Processing Parameters



yaml
# Example configuration to define
processing_config:
  phases:
    people_extraction:
      confidence_threshold: 0.8
      max_retry_attempts: 2
      enable_fuzzy_matching: true

    attribute_extraction:
      parallel_subphases: false# Sequential for v1
      context_from_previous: "summary"# none, summary, full
      confidence_threshold: 0.7

    validation:
      enabled: true
      auto_fix_obvious_errors: true
      flag_low_confidence: true

  user_interaction:
    progress_visibility: "phase_level"
    review_required_for: ["conflicts", "low_confidence"]
    batch_operations: true

Quality Thresholds

What confidence level requires user review?
How many extraction failures before manual fallback?
What constitutes "obvious" information that shouldn't be missed?

Cost Management

Token budget per reflection
Retry limits
Fallback to cheaper models for certain phases?

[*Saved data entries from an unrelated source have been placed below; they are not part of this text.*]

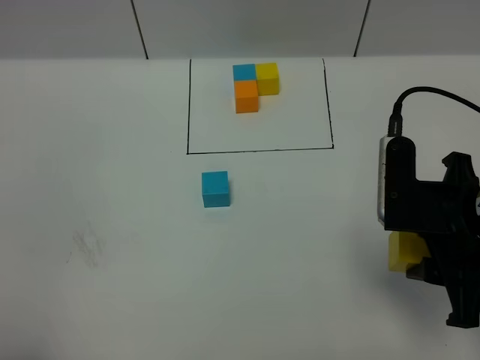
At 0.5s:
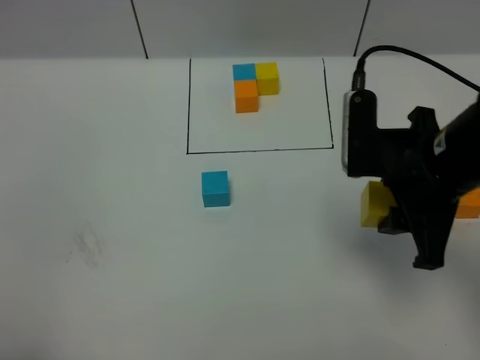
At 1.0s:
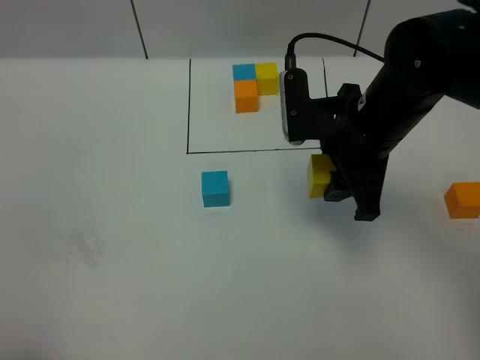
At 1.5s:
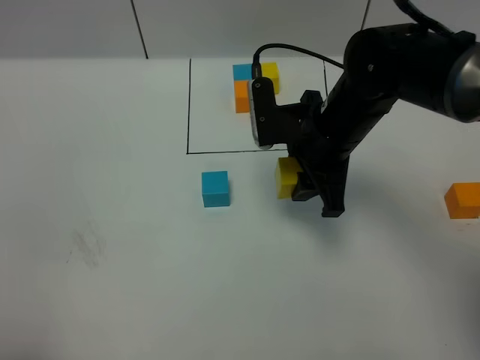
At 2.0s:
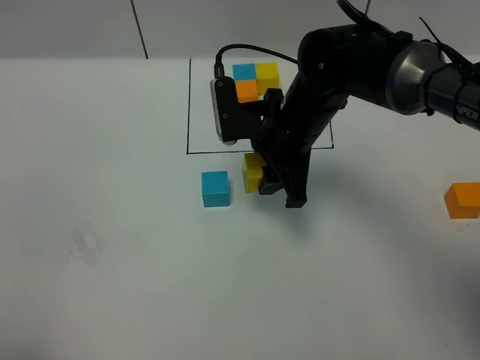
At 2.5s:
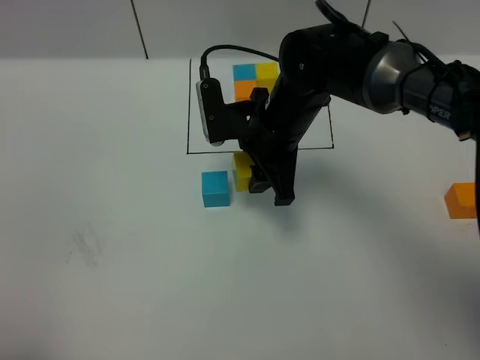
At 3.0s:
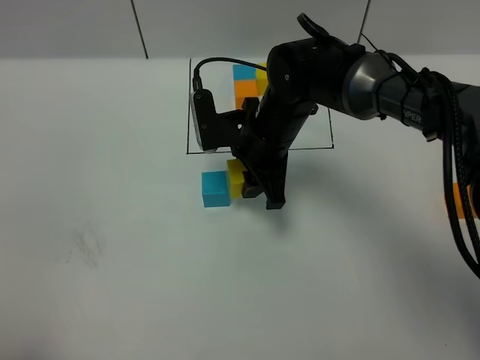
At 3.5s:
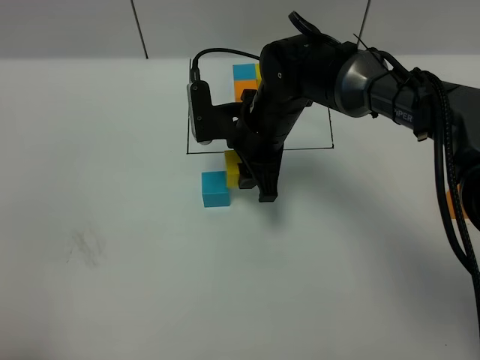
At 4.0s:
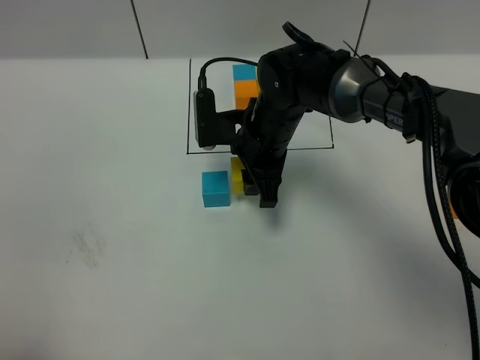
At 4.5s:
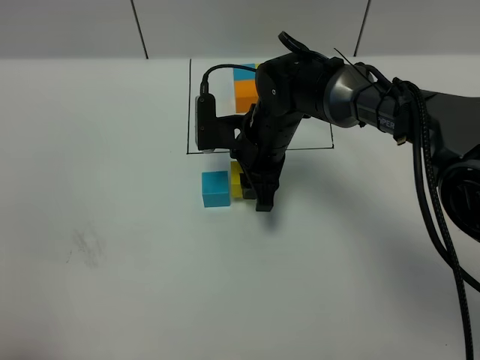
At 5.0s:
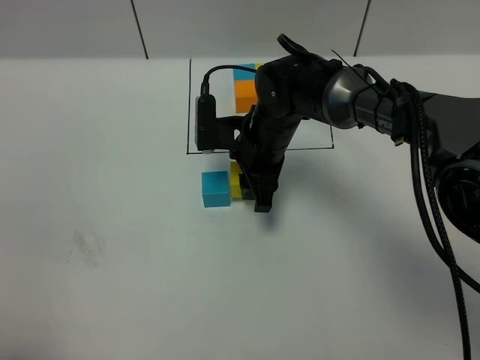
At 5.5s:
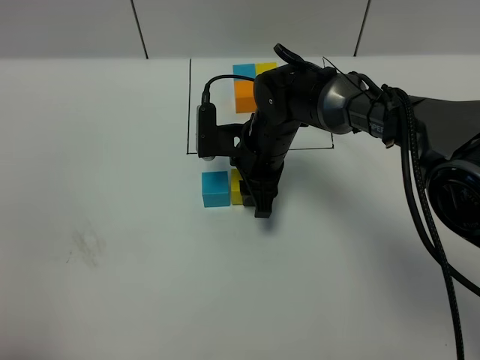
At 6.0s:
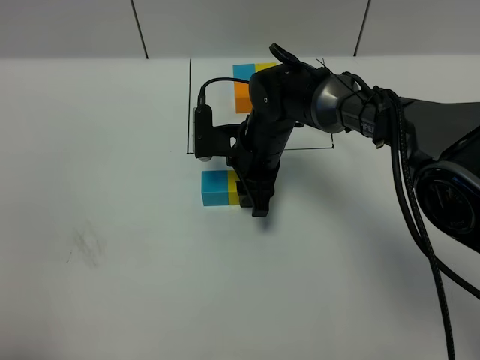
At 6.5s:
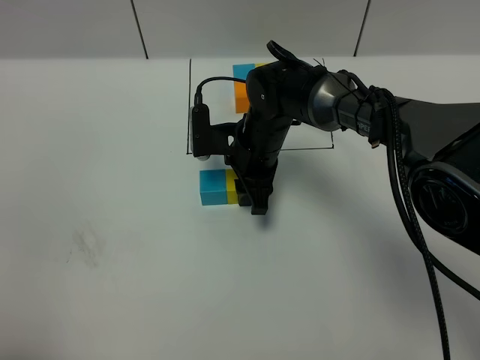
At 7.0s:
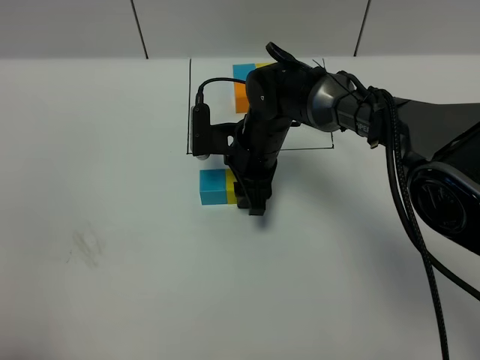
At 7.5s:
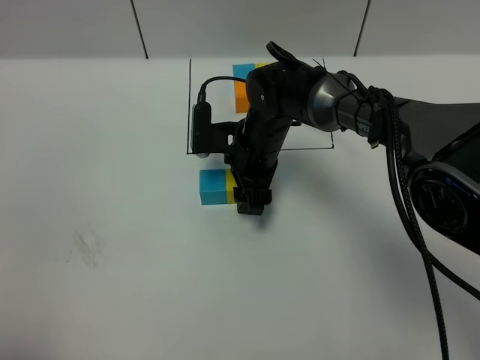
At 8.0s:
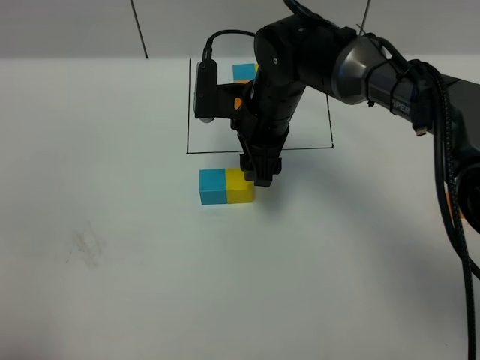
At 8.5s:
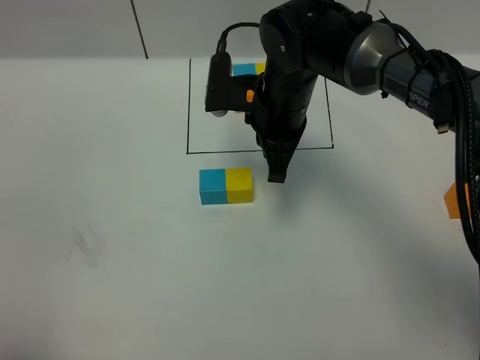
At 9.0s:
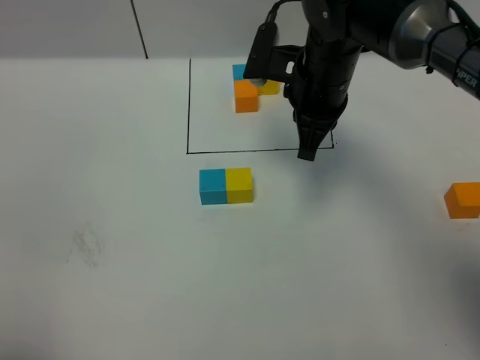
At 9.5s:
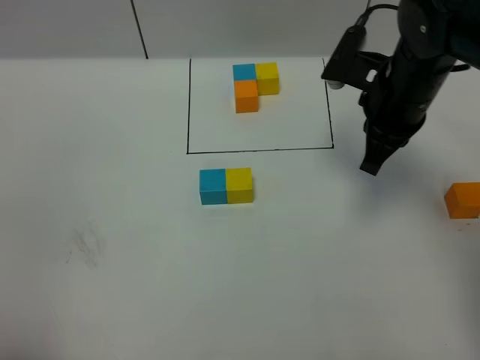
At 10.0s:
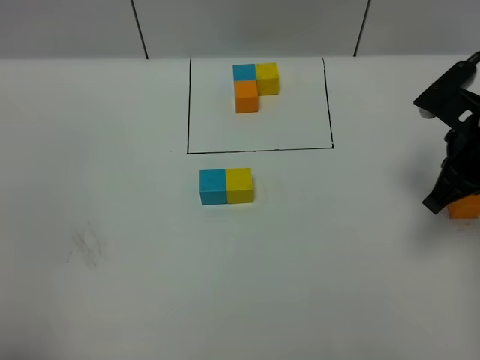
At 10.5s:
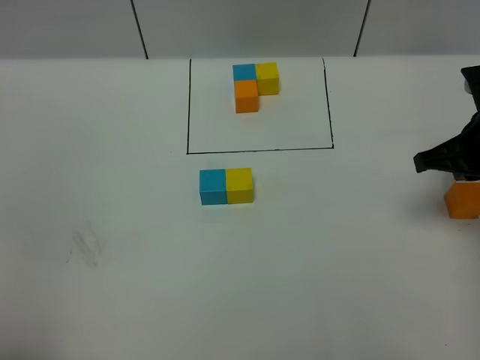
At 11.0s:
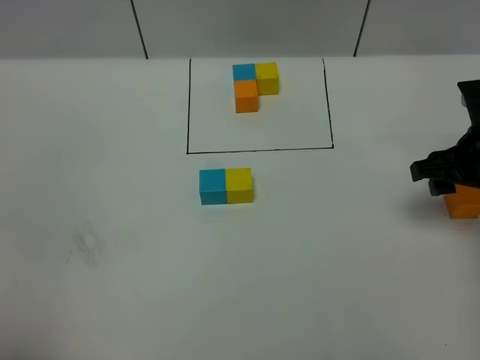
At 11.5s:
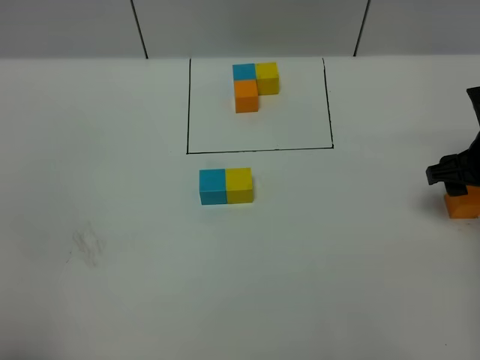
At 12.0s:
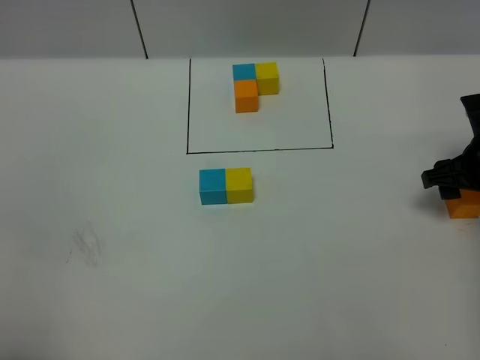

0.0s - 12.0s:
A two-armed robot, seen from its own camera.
Task of the whole recording: According to the building block template in front, assemble the scattered blocks together.
Step, 0.0s - 8.0s: Put the yellow cube on the right of the blue cube.
0.0s - 2.0s: The right gripper is displaced forward and to the left by about 20 cm.
2.0s - 4.0s: The right gripper moves some 5 cm.
4.0s - 6.0s: The grippers make only small movements.
6.0s - 8.0s: The right gripper shifts about 5 cm upward.
8.0s - 10.0s: The right gripper shifts some 25 cm to the right and backward, and closes.
10.0s - 12.0s: The right gripper travels downward by some 10 cm, and opens its fingers.

🧪 Testing Strategy Questions

13. Validation Approach

Question: How will you measure extraction quality?
Methods:

Manual review of sample extractions
User correction rate tracking
A/B testing different prompt strategies

Consider: Ground truth establishment, ongoing quality monitoring

14. Edge Case Handling

Question: What edge cases are most important to handle well?
Examples:

Very short reflections
Stream-of-consciousness writing
Mixed languages or cultural references
Highly emotional or sensitive content

Consider: User diversity, failure gracefully vs. accuracy

🔄 Iteration and Improvement Strategy

15. Feedback Loop Design

Question: How will you use user corrections to improve the system?
Options:

Real-time prompt adjustment
Batch retraining periodically
User-specific customization

Consider: Privacy implications, system complexity

16. Performance Monitoring

Question: What metrics will guide prompt engineering improvements?
Candidates:

Processing success rate by phase
User correction frequency
Time to complete processing
User satisfaction scores

Consider: Leading vs. lagging indicators

🎯 Immediate Next Steps to Define

Pick Your Error Handling Philosophy - This affects everything else
Define Confidence Thresholds - Critical for user experience
Choose User Involvement Level - Shapes the entire interaction model
Establish Quality Metrics - How will you know if it's working?
Design the Review Interface - Users need to easily correct/confirm extractions

💡 Recommended Starting Point

For MVP/v1, consider:

Conservative confidence thresholds (better to under-extract than over-extract)
Simple new-vs-edit logic (append-only with conflict flagging)
Phase-level progress indicators (build user trust)
Exception-based user review (only when confidence is low)
Rich context preservation (better debugging and user transparency)

This gives you a solid foundation that you can iterate and optimize based on real user behavior and feedback.